Exercise aim:
In the records below, find the line containing "Give the scientific name of this moth.". Output it and every line after it to the end, unchanged, with no pictures.

Stored entries:

####

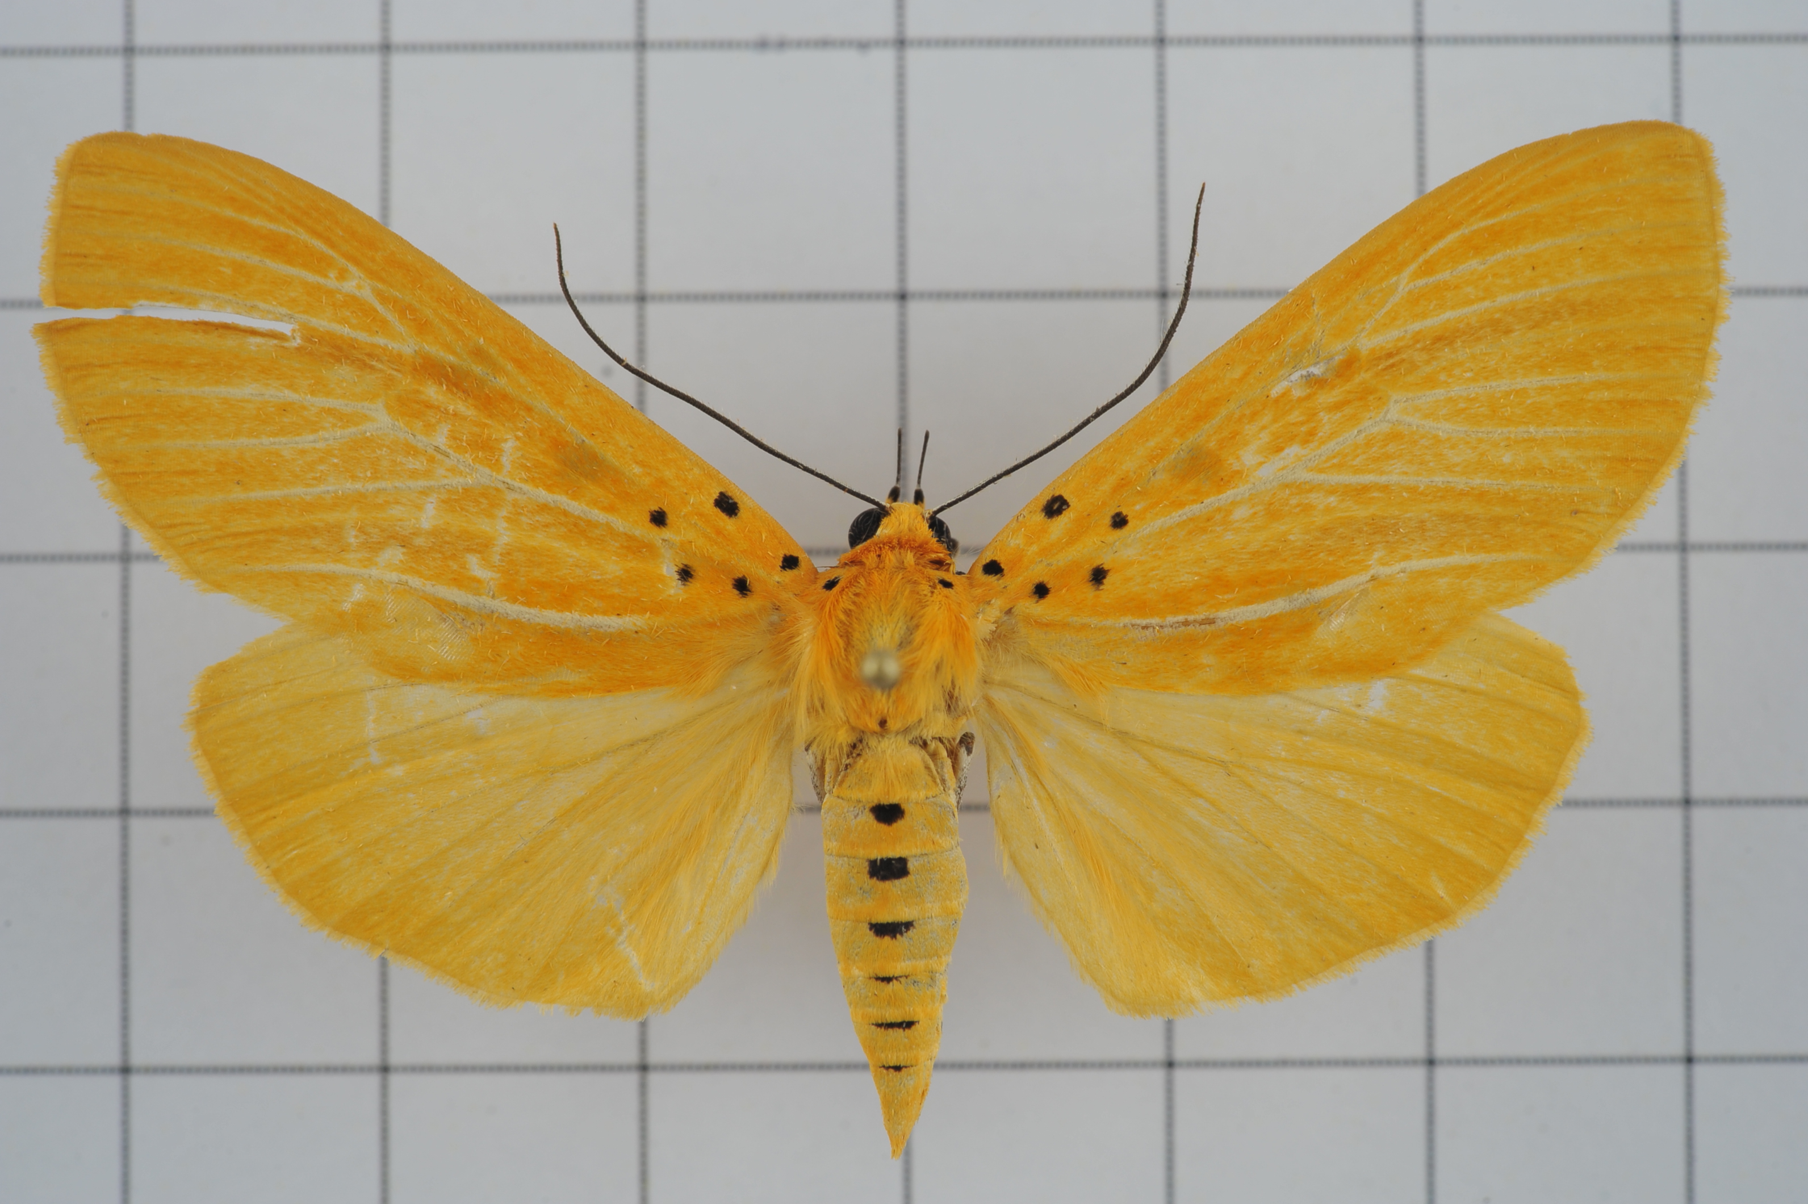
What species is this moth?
Asota egens confinis
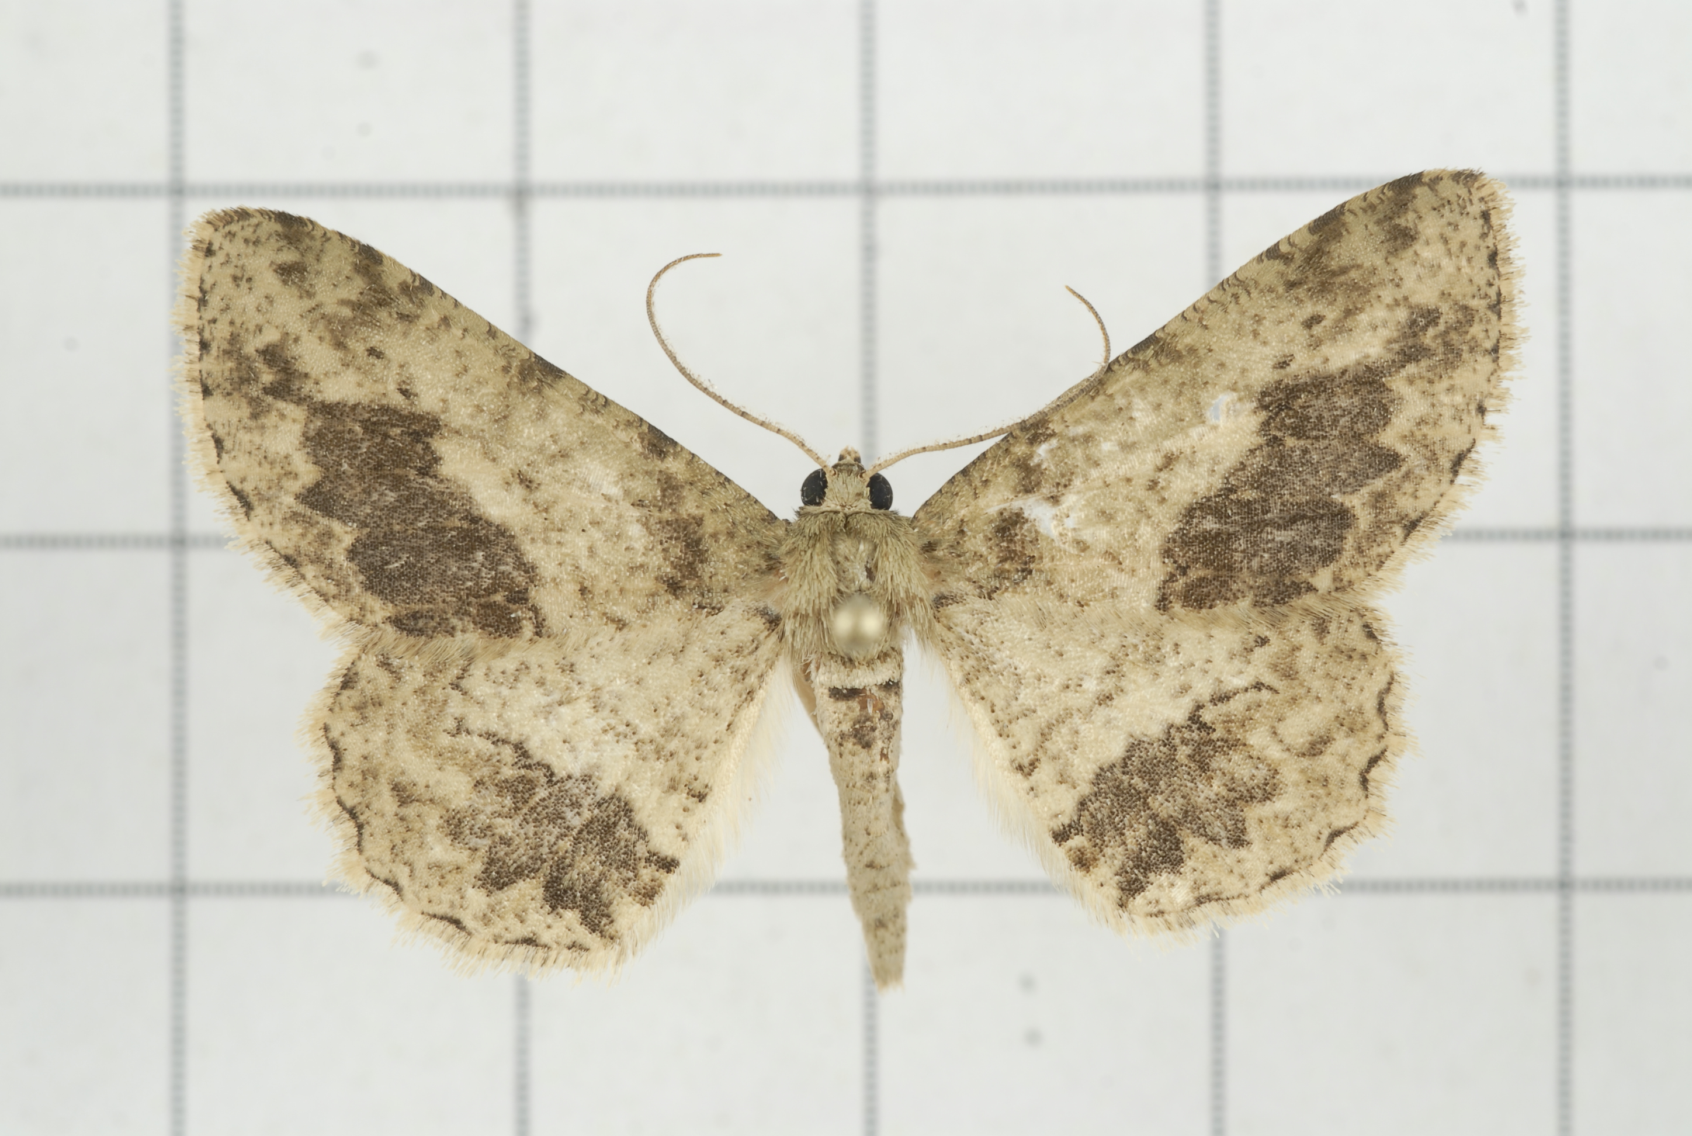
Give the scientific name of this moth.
Ectropis bhurmitra
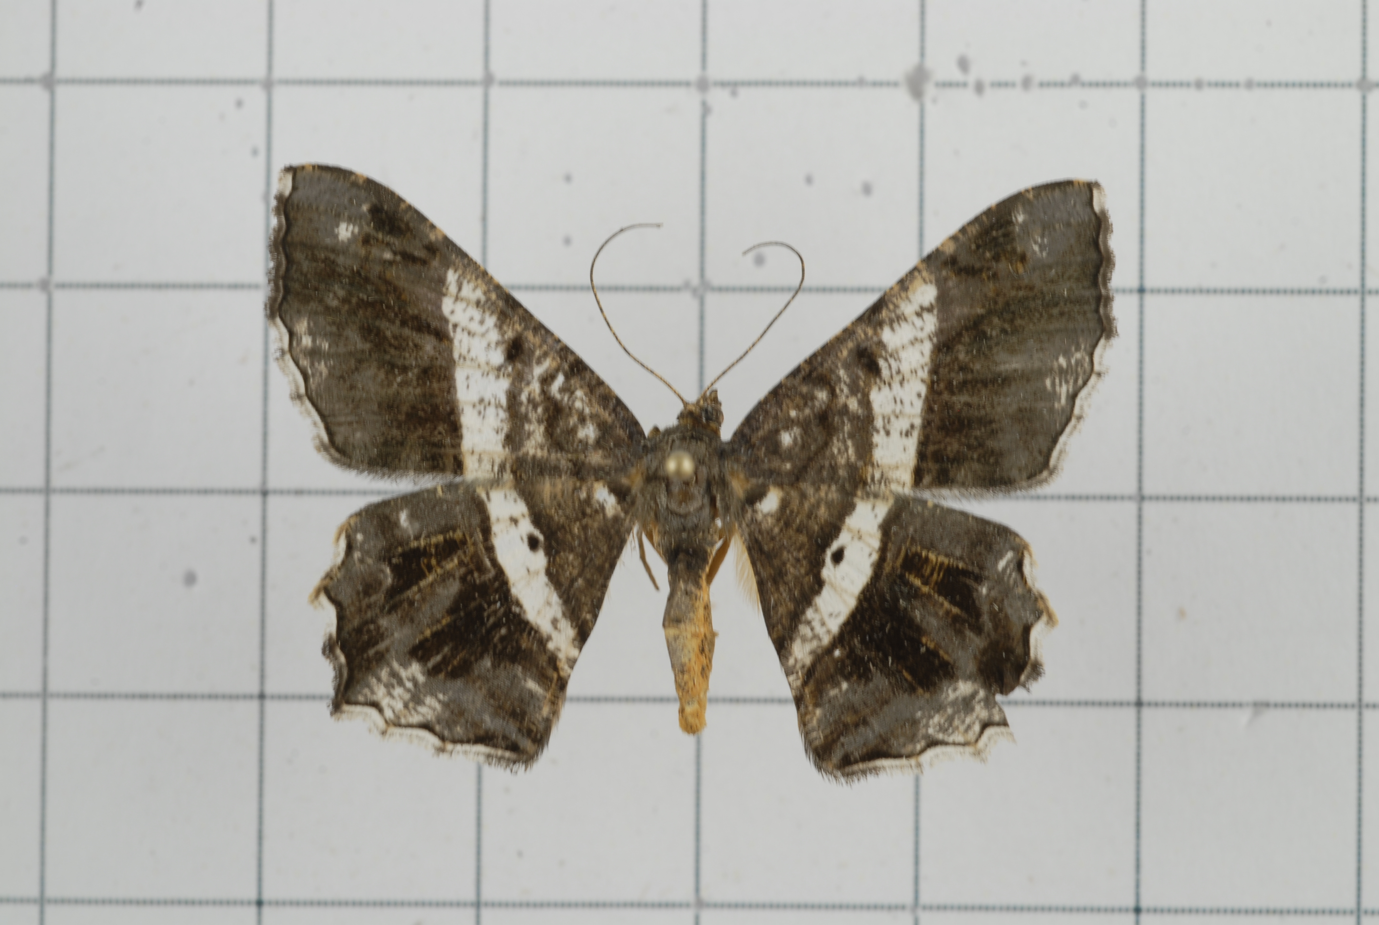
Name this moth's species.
Chiasmia eleonora eleonora
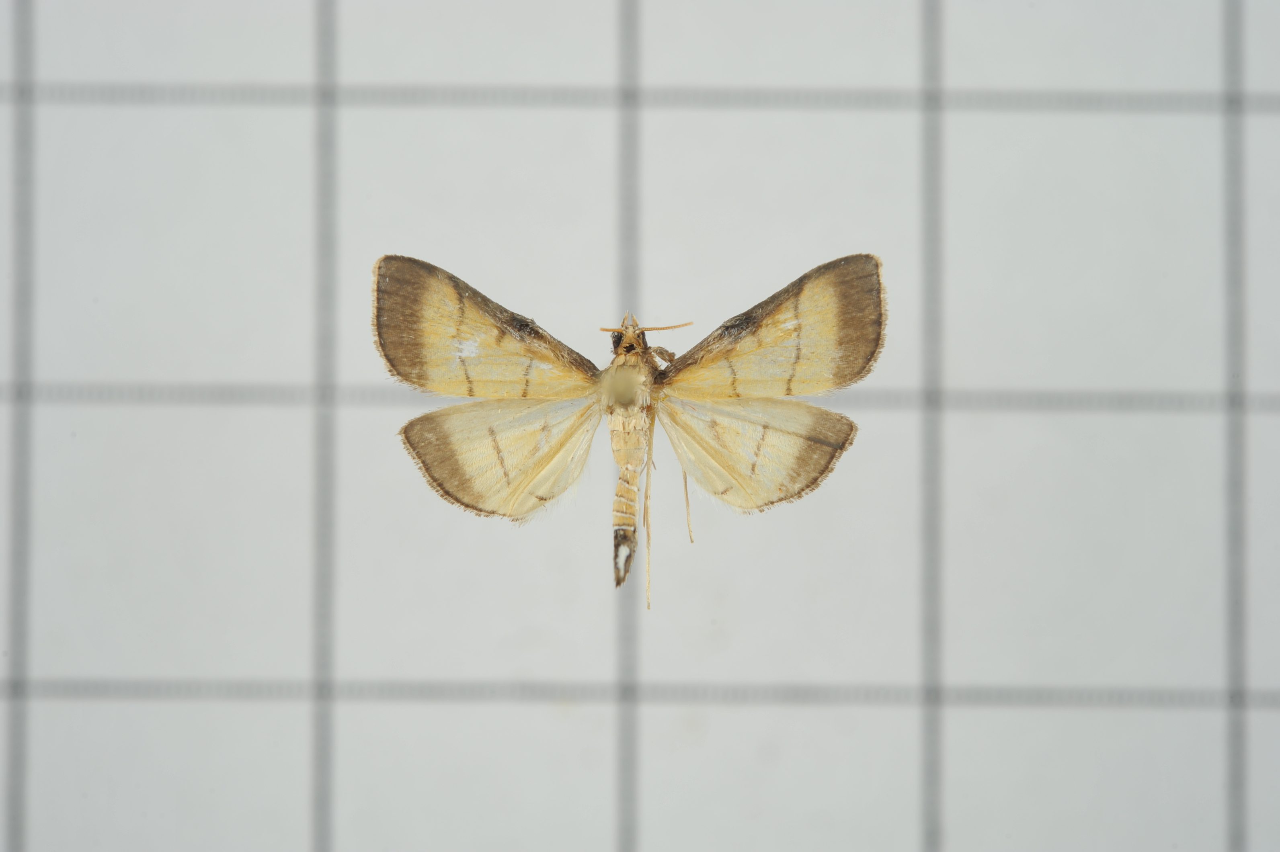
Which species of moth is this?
Cnaphalocrocis medinalis

####

Response:
Give the scientific name of this moth.
Ectropis bhurmitra
Name this moth's species.
Chiasmia eleonora eleonora
Which species of moth is this?
Cnaphalocrocis medinalis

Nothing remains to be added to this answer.